Limitations & Future Work¶
- Only two open-source FD-SLMs (Moshi and Freeze-Omni) are evaluated; the limited sample size makes it difficult to draw generalizable conclusions.
- While the context consistency strategy ensures evaluation reliability, it does not capture model behavior under realistic multi-round error accumulation.
- Synthetic data for conversational characteristics are generated by GPT-4o and may not fully reflect authentic conversational patterns.
- Safety evaluation relies solely on known harmful queries from AdvBench, providing insufficient coverage of more sophisticated jailbreak attacks.

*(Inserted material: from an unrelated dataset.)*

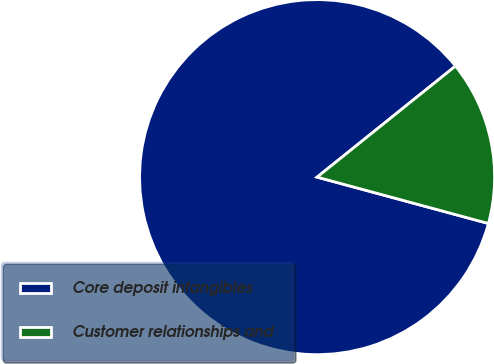Convert chart. <chart><loc_0><loc_0><loc_500><loc_500><pie_chart><fcel>Core deposit intangibles<fcel>Customer relationships and<nl><fcel>85.03%<fcel>14.97%<nl></chart>

- Future work could incorporate additional FD-SLMs and explore how benchmark signals can be leveraged during training to improve multi-round consistency.
Related Work & Insights¶
- vs. Full-Duplex-Bench: Supports only single-turn evaluation without round-by-round analysis; MTR-DuplexBench comprehensively surpasses it in multi-round support and evaluation dimensions.
- vs. FD-Bench: Supports up to five turns but focuses exclusively on interruption scenarios and does not enable round-by-round evaluation.
- vs. Talking Turns: Requires real human–model interaction for data collection, limiting scalability; MTR-DuplexBench employs an automated pipeline with better reproducibility.
Rating¶
- Novelty: ⭐⭐⭐⭐ — First full-duplex benchmark supporting round-by-round multi-turn evaluation and four-dimensional comprehensive assessment; the turn segmentation method is innovative.
- Experimental Thoroughness: ⭐⭐⭐ — Only two genuine FD-SLMs are available for evaluation; experimental scale is constrained by model availability.
- Writing Quality: ⭐⭐⭐⭐ — Problem formulation is clear and method description is thorough.
- Value: ⭐⭐⭐⭐ — Fills a gap in multi-round evaluation for FD-SLMs and contributes significantly to advancing full-duplex spoken dialogue research.